* **REQUIRED WORK**
Print all of the data below exactly as it appears, leaving out every image.

*** Opening of GIVEN RECORDS ***

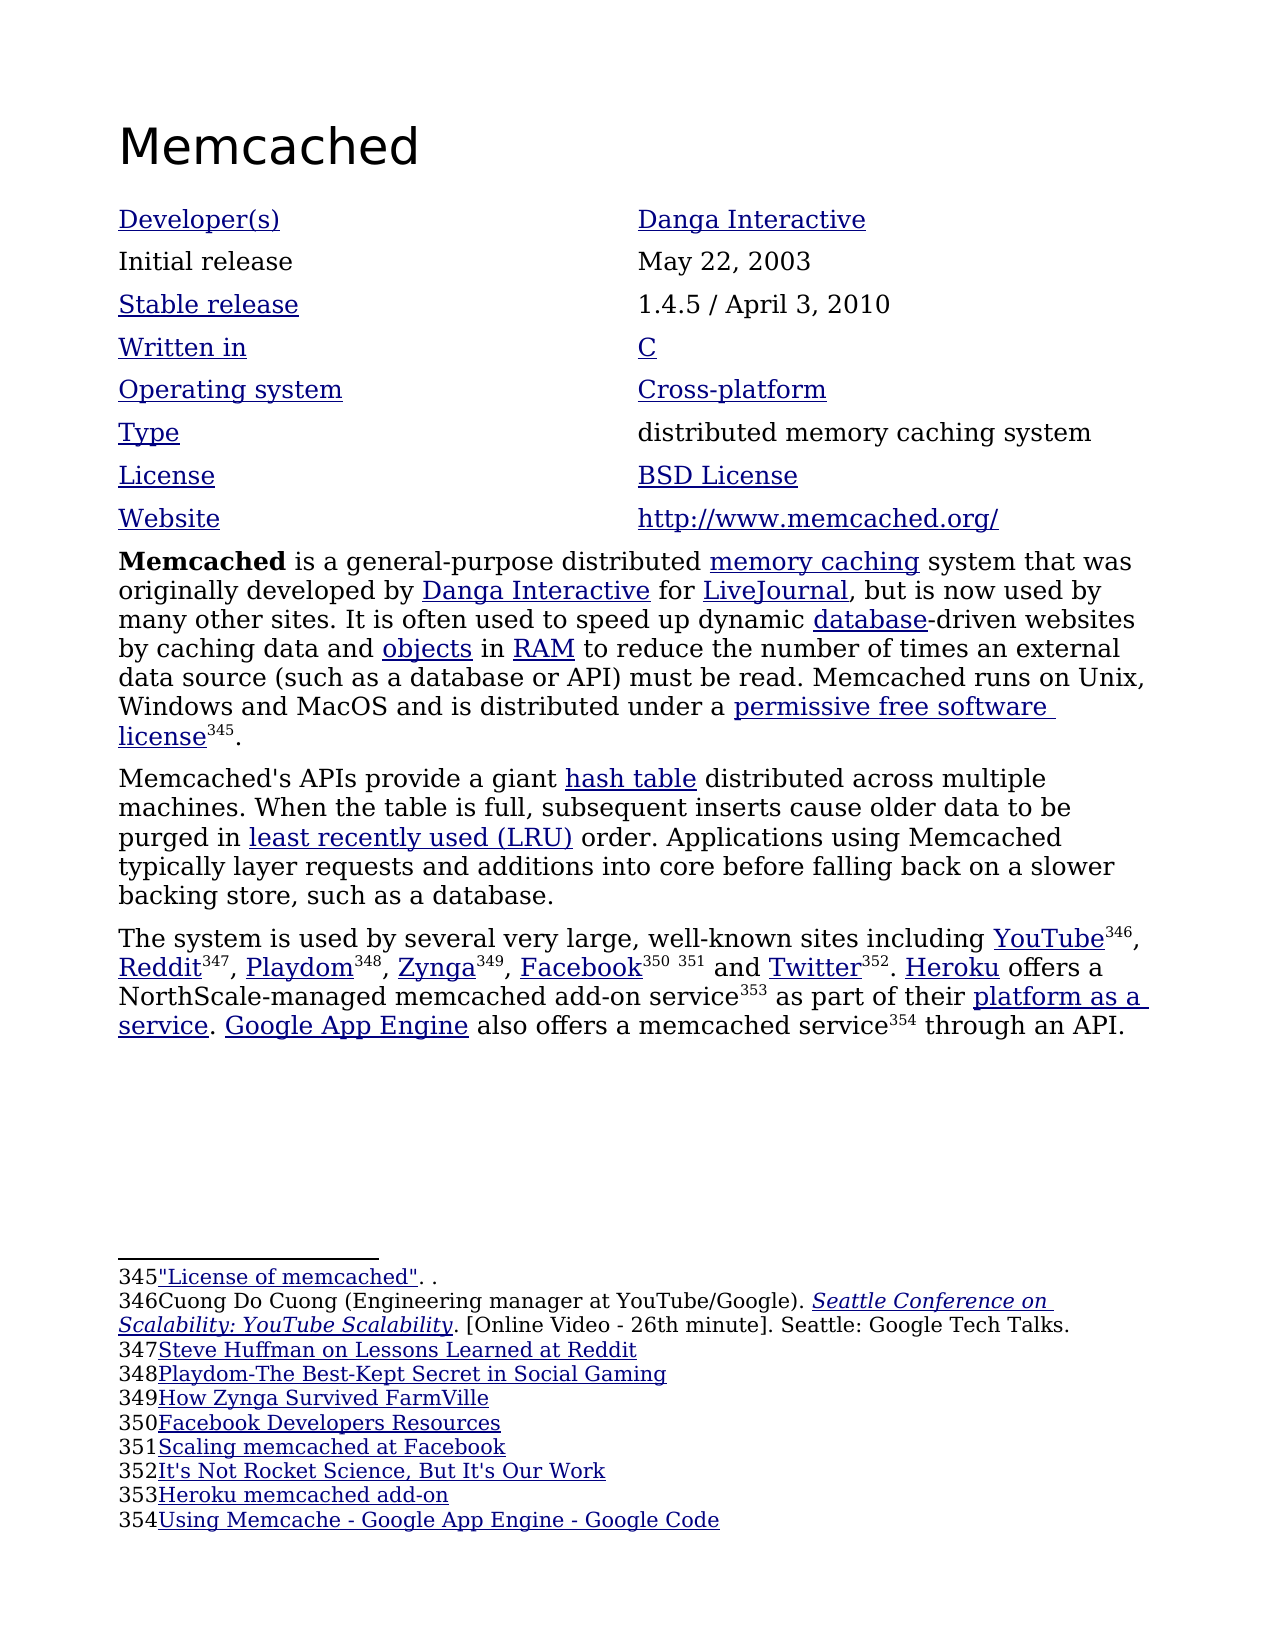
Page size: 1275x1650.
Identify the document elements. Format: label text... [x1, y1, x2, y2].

table_cell Initial release [118, 242, 637, 284]
text How Zynga Survived FarmVille [118, 1386, 1157, 1411]
table_cell distributed memory caching system [638, 413, 1157, 455]
table_cell Cross-platform [638, 370, 1157, 412]
table_header Danga Interactive [638, 199, 1157, 242]
text Playdom-The Best-Kept Secret in Social Gaming [118, 1362, 1157, 1386]
table_cell http://www.memcached.org/ [638, 498, 1157, 541]
text Steve Huffman on Lessons Learned at Reddit [118, 1338, 1157, 1362]
table_cell BSD License [638, 455, 1157, 498]
text "License of memcached". . [118, 1265, 1157, 1289]
table_cell 1.4.5 / April 3, 2010 [638, 284, 1157, 327]
text It's Not Rocket Science, But It's Our Work [118, 1459, 1157, 1483]
text Memcached is a general-purpose distributed memory caching system that was originally developed by Danga Interactive for LiveJournal, but is now used by many other sites. It is often used to speed up dynamic database-driven websites by caching data and objects in RAM to reduce the number of times an external data source (such as a database or API) must be read. Memcached runs on Unix, Windows and MacOS and is distributed under a permissive free software license. [118, 547, 1157, 751]
subtitle Memcached [118, 118, 1157, 176]
table_cell Operating system [118, 370, 637, 412]
text The system is used by several very large, well-known sites including YouTube, Reddit, Playdom, Zynga, Facebook and Twitter. Heroku offers a NorthScale-managed memcached add-on service as part of their platform as a service. Google App Engine also offers a memcached service through an API. [118, 924, 1157, 1041]
text Facebook Developers Resources [118, 1411, 1157, 1435]
table_header Developer(s) [118, 199, 637, 242]
table_cell Website [118, 498, 637, 541]
table_cell Written in [118, 327, 637, 370]
table_cell C [638, 327, 1157, 370]
table_cell Stable release [118, 284, 637, 327]
text Memcached's APIs provide a giant hash table distributed across multiple machines. When the table is full, subsequent inserts cause older data to be purged in least recently used (LRU) order. Applications using Memcached typically layer requests and additions into core before falling back on a slower backing store, such as a database. [118, 764, 1157, 910]
text Scaling memcached at Facebook [118, 1435, 1157, 1459]
table_cell Type [118, 413, 637, 455]
text Heroku memcached add-on [118, 1483, 1157, 1508]
table_cell May 22, 2003 [638, 242, 1157, 284]
text Cuong Do Cuong (Engineering manager at YouTube/Google). Seattle Conference on Scalability: YouTube Scalability. [Online Video - 26th minute]. Seattle: Google Tech Talks. [118, 1289, 1157, 1338]
table_cell License [118, 455, 637, 498]
text Using Memcache - Google App Engine - Google Code [118, 1508, 1157, 1532]

*** Close of GIVEN RECORDS ***

* **RESPONSE BELOW**
Page size: 1275x1650.
Identify the document elements. Format: label text... [x1, y1, x2, y2].

table_cell Initial release [118, 242, 637, 284]
text How Zynga Survived FarmVille [118, 1386, 1157, 1411]
table_cell distributed memory caching system [638, 413, 1157, 455]
table_cell Cross-platform [638, 370, 1157, 412]
table_header Danga Interactive [638, 199, 1157, 242]
text Playdom-The Best-Kept Secret in Social Gaming [118, 1362, 1157, 1386]
table_cell http://www.memcached.org/ [638, 498, 1157, 541]
text Steve Huffman on Lessons Learned at Reddit [118, 1338, 1157, 1362]
table_cell BSD License [638, 455, 1157, 498]
text "License of memcached". . [118, 1265, 1157, 1289]
table_cell 1.4.5 / April 3, 2010 [638, 284, 1157, 327]
text It's Not Rocket Science, But It's Our Work [118, 1459, 1157, 1483]
text Memcached is a general-purpose distributed memory caching system that was originally developed by Danga Interactive for LiveJournal, but is now used by many other sites. It is often used to speed up dynamic database-driven websites by caching data and objects in RAM to reduce the number of times an external data source (such as a database or API) must be read. Memcached runs on Unix, Windows and MacOS and is distributed under a permissive free software license. [118, 547, 1157, 751]
subtitle Memcached [118, 118, 1157, 176]
table_cell Operating system [118, 370, 637, 412]
text The system is used by several very large, well-known sites including YouTube, Reddit, Playdom, Zynga, Facebook and Twitter. Heroku offers a NorthScale-managed memcached add-on service as part of their platform as a service. Google App Engine also offers a memcached service through an API. [118, 924, 1157, 1041]
text Facebook Developers Resources [118, 1411, 1157, 1435]
table_header Developer(s) [118, 199, 637, 242]
table_cell Website [118, 498, 637, 541]
table_cell Written in [118, 327, 637, 370]
table_cell C [638, 327, 1157, 370]
table_cell Stable release [118, 284, 637, 327]
text Memcached's APIs provide a giant hash table distributed across multiple machines. When the table is full, subsequent inserts cause older data to be purged in least recently used (LRU) order. Applications using Memcached typically layer requests and additions into core before falling back on a slower backing store, such as a database. [118, 764, 1157, 910]
text Scaling memcached at Facebook [118, 1435, 1157, 1459]
table_cell Type [118, 413, 637, 455]
text Heroku memcached add-on [118, 1483, 1157, 1508]
table_cell May 22, 2003 [638, 242, 1157, 284]
text Cuong Do Cuong (Engineering manager at YouTube/Google). Seattle Conference on Scalability: YouTube Scalability. [Online Video - 26th minute]. Seattle: Google Tech Talks. [118, 1289, 1157, 1338]
table_cell License [118, 455, 637, 498]
text Using Memcache - Google App Engine - Google Code [118, 1508, 1157, 1532]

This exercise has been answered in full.